- The task -
Copy all entries verbatim and keep any pictures out of the copy.

[Records to process Boundary: Start]

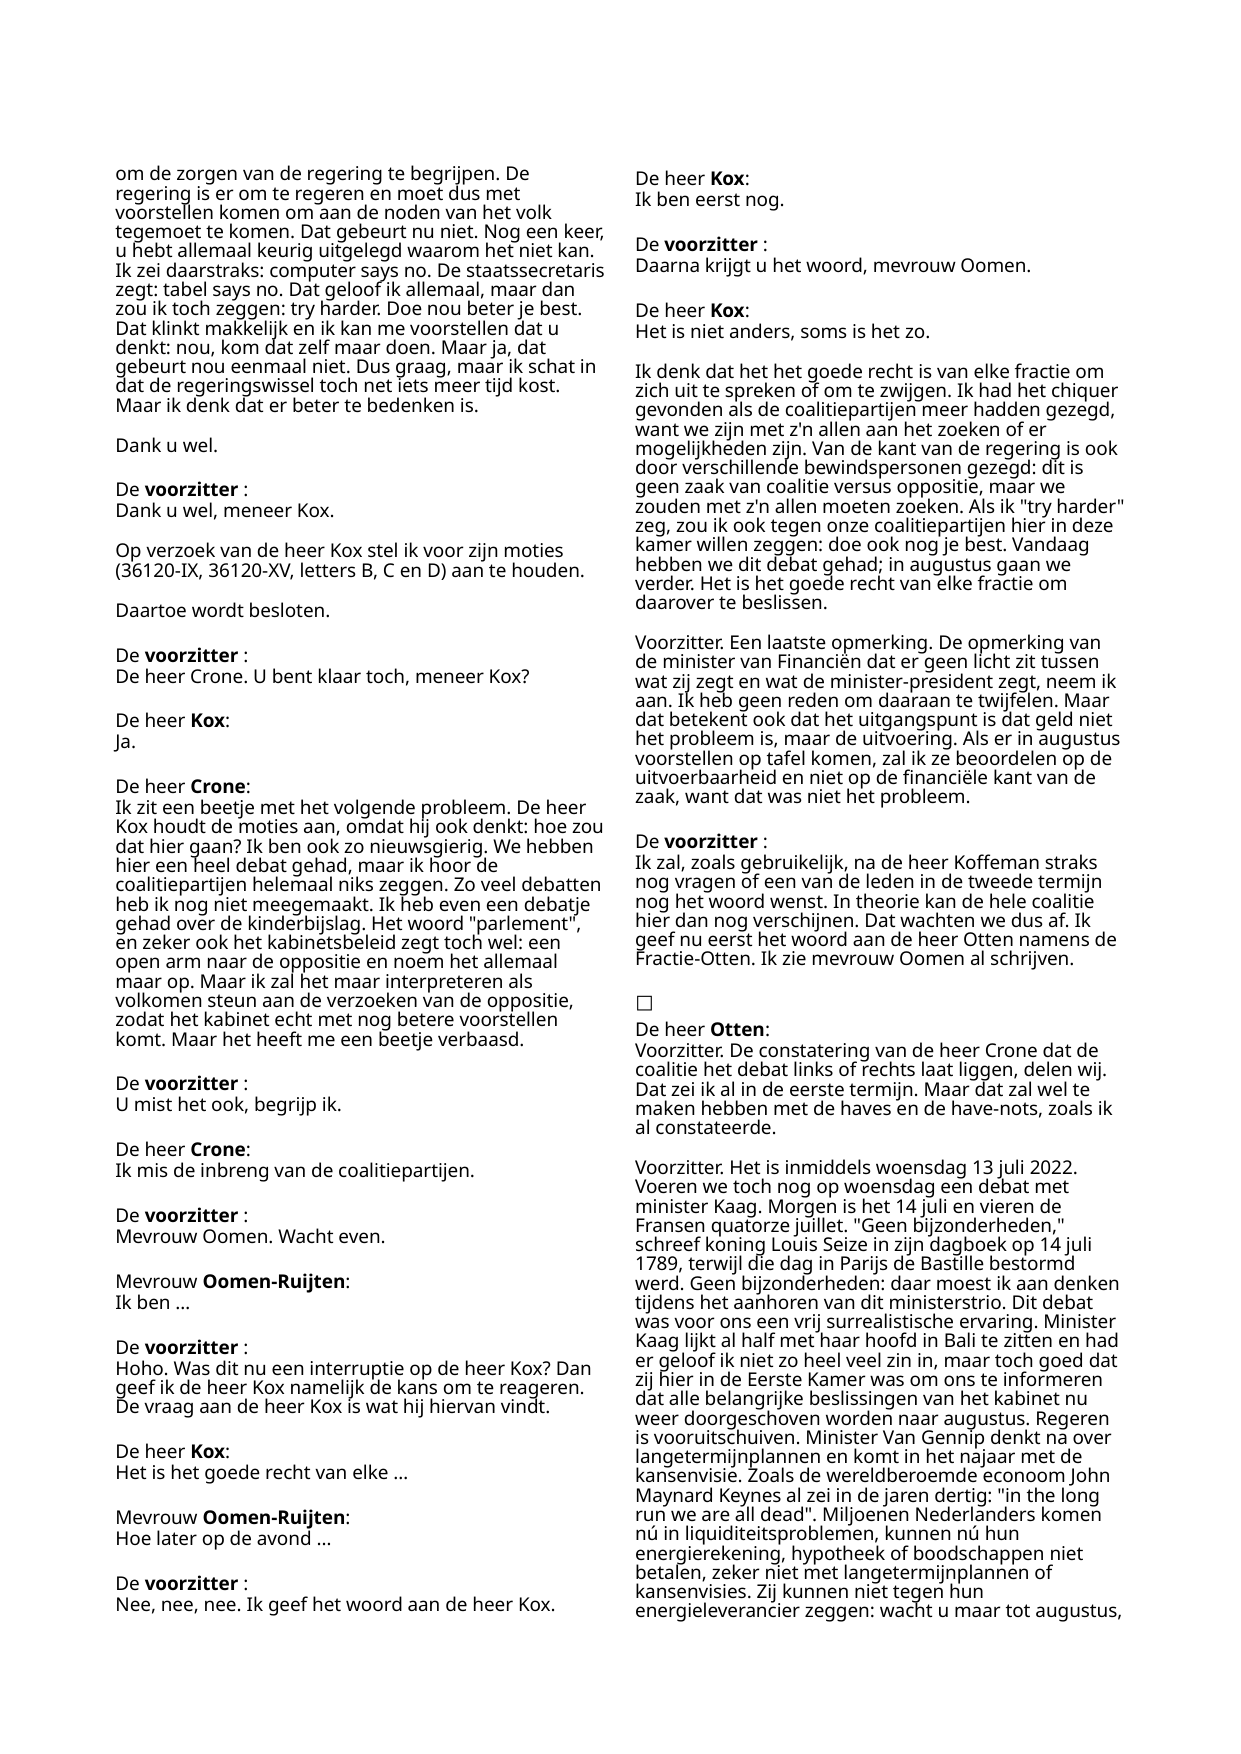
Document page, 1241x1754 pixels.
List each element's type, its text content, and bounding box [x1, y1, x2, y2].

text Nee, nee, nee. Ik geef het woord aan de heer Kox. [115, 1596, 605, 1615]
text Ja. [115, 733, 605, 753]
text De heer Kox: [635, 297, 1125, 323]
text Voorzitter. Het is inmiddels woensdag 13 juli 2022. Voeren we toch nog op woensdag een debat met minister Kaag. Morgen is het 14 juli en vieren de Fransen quatorze juillet. "Geen bijzonderheden," schreef koning Louis Seize in zijn dagboek op 14 juli 1789, terwijl die dag in Parijs de Bastille bestormd werd. Geen bijzonderheden: daar moest ik aan denken tijdens het aanhoren van dit ministerstrio. Dit debat was voor ons een vrij surrealistische ervaring. Minister Kaag lijkt al half met haar hoofd in Bali te zitten en had er geloof ik niet zo heel veel zin in, maar toch goed dat zij hier in de Eerste Kamer was om ons te informeren dat alle belangrijke beslissingen van het kabinet nu weer doorgeschoven worden naar augustus. Regeren is vooruitschuiven. Minister Van Gennip denkt na over langetermijnplannen en komt in het najaar met de kansenvisie. Zoals de wereldberoemde econoom John Maynard Keynes al zei in de jaren dertig: "in the long run we are all dead". Miljoenen Nederlanders komen nú in liquiditeitsproblemen, kunnen nú hun energierekening, hypotheek of boodschappen niet betalen, zeker niet met langetermijnplannen of kansenvisies. Zij kunnen niet tegen hun energieleverancier zeggen: wacht u maar tot augustus, [635, 1159, 1125, 1622]
text De voorzitter : [115, 1570, 605, 1596]
text Ik zal, zoals gebruikelijk, na de heer Koffeman straks nog vragen of een van de leden in de tweede termijn nog het woord wenst. In theorie kan de hele coalitie hier dan nog verschijnen. Dat wachten we dus af. Ik geef nu eerst het woord aan de heer Otten namens de Fractie-Otten. Ik zie mevrouw Oomen al schrijven. [635, 854, 1125, 970]
text Hoe later op de avond … [115, 1530, 605, 1549]
text Hoho. Was dit nu een interruptie op de heer Kox? Dan geef ik de heer Kox namelijk de kans om te reageren. De vraag aan de heer Kox is wat hij hiervan vindt. [115, 1360, 605, 1417]
text Dank u wel. [115, 437, 605, 456]
text De voorzitter : [115, 642, 605, 668]
text De heer Crone: [115, 1136, 605, 1162]
text De voorzitter : [115, 1071, 605, 1096]
text De heer Kox: [115, 708, 605, 733]
text De voorzitter : [115, 1334, 605, 1360]
text Op verzoek van de heer Kox stel ik voor zijn moties (36120-IX, 36120-XV, letters B, C en D) aan te houden. [115, 542, 605, 581]
text Ik ben eerst nog. [635, 191, 1125, 210]
text De heer Crone: [115, 773, 605, 799]
text De heer Kox: [115, 1438, 605, 1464]
text Ik zit een beetje met het volgende probleem. De heer Kox houdt de moties aan, omdat hij ook denkt: hoe zou dat hier gaan? Ik ben ook zo nieuwsgierig. We hebben hier een heel debat gehad, maar ik hoor de coalitiepartijen helemaal niks zeggen. Zo veel debatten heb ik nog niet meegemaakt. Ik heb even een debatje gehad over de kinderbijslag. Het woord "parlement", en zeker ook het kabinetsbeleid zegt toch wel: een open arm naar de oppositie en noem het allemaal maar op. Maar ik zal het maar interpreteren als volkomen steun aan de verzoeken van de oppositie, zodat het kabinet echt met nog betere voorstellen komt. Maar het heeft me een beetje verbaasd. [115, 799, 605, 1050]
text Ik mis de inbreng van de coalitiepartijen. [115, 1162, 605, 1181]
text Het is niet anders, soms is het zo. [635, 323, 1125, 342]
text Voorzitter. De constatering van de heer Crone dat de coalitie het debat links of rechts laat liggen, delen wij. Dat zei ik al in de eerste termijn. Maar dat zal wel te maken hebben met de haves en de have-nots, zoals ik al constateerde. [635, 1042, 1125, 1138]
text Daartoe wordt besloten. [115, 602, 605, 621]
text U mist het ook, begrijp ik. [115, 1096, 605, 1116]
text Mevrouw Oomen. Wacht even. [115, 1228, 605, 1247]
text De voorzitter : [635, 231, 1125, 257]
text ⬜ [635, 991, 1125, 1016]
text Voorzitter. Een laatste opmerking. De opmerking van de minister van Financiën dat er geen licht zit tussen wat zij zegt en wat de minister-president zegt, neem ik aan. Ik heb geen reden om daaraan te twijfelen. Maar dat betekent ook dat het uitgangspunt is dat geld niet het probleem is, maar de uitvoering. Als er in augustus voorstellen op tafel komen, zal ik ze beoordelen op de uitvoerbaarheid en niet op de financiële kant van de zaak, want dat was niet het probleem. [635, 634, 1125, 807]
text Mevrouw Oomen-Ruijten: [115, 1268, 605, 1294]
text Mevrouw Oomen-Ruijten: [115, 1504, 605, 1530]
text om de zorgen van de regering te begrijpen. De regering is er om te regeren en moet dus met voorstellen komen om aan de noden van het volk tegemoet te komen. Dat gebeurt nu niet. Nog een keer, u hebt allemaal keurig uitgelegd waarom het niet kan. Ik zei daarstraks: computer says no. De staatssecretaris zegt: tabel says no. Dat geloof ik allemaal, maar dan zou ik toch zeggen: try harder. Doe nou beter je best. Dat klinkt makkelijk en ik kan me voorstellen dat u denkt: nou, kom dat zelf maar doen. Maar ja, dat gebeurt nou eenmaal niet. Dus graag, maar ik schat in dat de regeringswissel toch net iets meer tijd kost. Maar ik denk dat er beter te bedenken is. [115, 165, 605, 416]
text Ik ben … [115, 1294, 605, 1313]
text De heer Kox: [635, 165, 1125, 191]
text Daarna krijgt u het woord, mevrouw Oomen. [635, 257, 1125, 276]
text De voorzitter : [115, 1202, 605, 1228]
text Het is het goede recht van elke … [115, 1464, 605, 1483]
text Ik denk dat het het goede recht is van elke fractie om zich uit te spreken of om te zwijgen. Ik had het chiquer gevonden als de coalitiepartijen meer hadden gezegd, want we zijn met z'n allen aan het zoeken of er mogelijkheden zijn. Van de kant van de regering is ook door verschillende bewindspersonen gezegd: dit is geen zaak van coalitie versus oppositie, maar we zouden met z'n allen moeten zoeken. Als ik "try harder" zeg, zou ik ook tegen onze coalitiepartijen hier in deze kamer willen zeggen: doe ook nog je best. Vandaag hebben we dit debat gehad; in augustus gaan we verder. Het is het goede recht van elke fractie om daarover te beslissen. [635, 363, 1125, 613]
text De voorzitter : [115, 477, 605, 502]
text De heer Crone. U bent klaar toch, meneer Kox? [115, 668, 605, 687]
text De heer Otten: [635, 1016, 1125, 1042]
text De voorzitter : [635, 828, 1125, 854]
text Dank u wel, meneer Kox. [115, 502, 605, 522]

[Records to process Boundary: End]

- Answer section -
Document page, 1241x1754 pixels.
List each element's type, its text content, and bounding box [x1, y1, x2, y2].

text Nee, nee, nee. Ik geef het woord aan de heer Kox. [115, 1596, 605, 1615]
text Ja. [115, 733, 605, 753]
text De heer Kox: [635, 297, 1125, 323]
text Voorzitter. Het is inmiddels woensdag 13 juli 2022. Voeren we toch nog op woensdag een debat met minister Kaag. Morgen is het 14 juli en vieren de Fransen quatorze juillet. "Geen bijzonderheden," schreef koning Louis Seize in zijn dagboek op 14 juli 1789, terwijl die dag in Parijs de Bastille bestormd werd. Geen bijzonderheden: daar moest ik aan denken tijdens het aanhoren van dit ministerstrio. Dit debat was voor ons een vrij surrealistische ervaring. Minister Kaag lijkt al half met haar hoofd in Bali te zitten en had er geloof ik niet zo heel veel zin in, maar toch goed dat zij hier in de Eerste Kamer was om ons te informeren dat alle belangrijke beslissingen van het kabinet nu weer doorgeschoven worden naar augustus. Regeren is vooruitschuiven. Minister Van Gennip denkt na over langetermijnplannen en komt in het najaar met de kansenvisie. Zoals de wereldberoemde econoom John Maynard Keynes al zei in de jaren dertig: "in the long run we are all dead". Miljoenen Nederlanders komen nú in liquiditeitsproblemen, kunnen nú hun energierekening, hypotheek of boodschappen niet betalen, zeker niet met langetermijnplannen of kansenvisies. Zij kunnen niet tegen hun energieleverancier zeggen: wacht u maar tot augustus, [635, 1159, 1125, 1622]
text De voorzitter : [115, 1570, 605, 1596]
text Ik zal, zoals gebruikelijk, na de heer Koffeman straks nog vragen of een van de leden in de tweede termijn nog het woord wenst. In theorie kan de hele coalitie hier dan nog verschijnen. Dat wachten we dus af. Ik geef nu eerst het woord aan de heer Otten namens de Fractie-Otten. Ik zie mevrouw Oomen al schrijven. [635, 854, 1125, 970]
text Hoe later op de avond … [115, 1530, 605, 1549]
text Hoho. Was dit nu een interruptie op de heer Kox? Dan geef ik de heer Kox namelijk de kans om te reageren. De vraag aan de heer Kox is wat hij hiervan vindt. [115, 1360, 605, 1417]
text Dank u wel. [115, 437, 605, 456]
text De voorzitter : [115, 642, 605, 668]
text De heer Crone: [115, 1136, 605, 1162]
text De voorzitter : [115, 1071, 605, 1096]
text De heer Kox: [115, 708, 605, 733]
text De voorzitter : [115, 1334, 605, 1360]
text Op verzoek van de heer Kox stel ik voor zijn moties (36120-IX, 36120-XV, letters B, C en D) aan te houden. [115, 542, 605, 581]
text Ik ben eerst nog. [635, 191, 1125, 210]
text De heer Crone: [115, 773, 605, 799]
text De heer Kox: [115, 1438, 605, 1464]
text Ik zit een beetje met het volgende probleem. De heer Kox houdt de moties aan, omdat hij ook denkt: hoe zou dat hier gaan? Ik ben ook zo nieuwsgierig. We hebben hier een heel debat gehad, maar ik hoor de coalitiepartijen helemaal niks zeggen. Zo veel debatten heb ik nog niet meegemaakt. Ik heb even een debatje gehad over de kinderbijslag. Het woord "parlement", en zeker ook het kabinetsbeleid zegt toch wel: een open arm naar de oppositie en noem het allemaal maar op. Maar ik zal het maar interpreteren als volkomen steun aan de verzoeken van de oppositie, zodat het kabinet echt met nog betere voorstellen komt. Maar het heeft me een beetje verbaasd. [115, 799, 605, 1050]
text Ik mis de inbreng van de coalitiepartijen. [115, 1162, 605, 1181]
text Het is niet anders, soms is het zo. [635, 323, 1125, 342]
text Voorzitter. De constatering van de heer Crone dat de coalitie het debat links of rechts laat liggen, delen wij. Dat zei ik al in de eerste termijn. Maar dat zal wel te maken hebben met de haves en de have-nots, zoals ik al constateerde. [635, 1042, 1125, 1138]
text Daartoe wordt besloten. [115, 602, 605, 621]
text U mist het ook, begrijp ik. [115, 1096, 605, 1116]
text Mevrouw Oomen. Wacht even. [115, 1228, 605, 1247]
text De voorzitter : [635, 231, 1125, 257]
text ⬜ [635, 991, 1125, 1016]
text Voorzitter. Een laatste opmerking. De opmerking van de minister van Financiën dat er geen licht zit tussen wat zij zegt en wat de minister-president zegt, neem ik aan. Ik heb geen reden om daaraan te twijfelen. Maar dat betekent ook dat het uitgangspunt is dat geld niet het probleem is, maar de uitvoering. Als er in augustus voorstellen op tafel komen, zal ik ze beoordelen op de uitvoerbaarheid en niet op de financiële kant van de zaak, want dat was niet het probleem. [635, 634, 1125, 807]
text Mevrouw Oomen-Ruijten: [115, 1268, 605, 1294]
text Mevrouw Oomen-Ruijten: [115, 1504, 605, 1530]
text om de zorgen van de regering te begrijpen. De regering is er om te regeren en moet dus met voorstellen komen om aan de noden van het volk tegemoet te komen. Dat gebeurt nu niet. Nog een keer, u hebt allemaal keurig uitgelegd waarom het niet kan. Ik zei daarstraks: computer says no. De staatssecretaris zegt: tabel says no. Dat geloof ik allemaal, maar dan zou ik toch zeggen: try harder. Doe nou beter je best. Dat klinkt makkelijk en ik kan me voorstellen dat u denkt: nou, kom dat zelf maar doen. Maar ja, dat gebeurt nou eenmaal niet. Dus graag, maar ik schat in dat de regeringswissel toch net iets meer tijd kost. Maar ik denk dat er beter te bedenken is. [115, 165, 605, 416]
text Ik ben … [115, 1294, 605, 1313]
text De heer Kox: [635, 165, 1125, 191]
text Daarna krijgt u het woord, mevrouw Oomen. [635, 257, 1125, 276]
text De voorzitter : [115, 1202, 605, 1228]
text Het is het goede recht van elke … [115, 1464, 605, 1483]
text Ik denk dat het het goede recht is van elke fractie om zich uit te spreken of om te zwijgen. Ik had het chiquer gevonden als de coalitiepartijen meer hadden gezegd, want we zijn met z'n allen aan het zoeken of er mogelijkheden zijn. Van de kant van de regering is ook door verschillende bewindspersonen gezegd: dit is geen zaak van coalitie versus oppositie, maar we zouden met z'n allen moeten zoeken. Als ik "try harder" zeg, zou ik ook tegen onze coalitiepartijen hier in deze kamer willen zeggen: doe ook nog je best. Vandaag hebben we dit debat gehad; in augustus gaan we verder. Het is het goede recht van elke fractie om daarover te beslissen. [635, 363, 1125, 613]
text De voorzitter : [115, 477, 605, 502]
text De heer Crone. U bent klaar toch, meneer Kox? [115, 668, 605, 687]
text De heer Otten: [635, 1016, 1125, 1042]
text De voorzitter : [635, 828, 1125, 854]
text Dank u wel, meneer Kox. [115, 502, 605, 522]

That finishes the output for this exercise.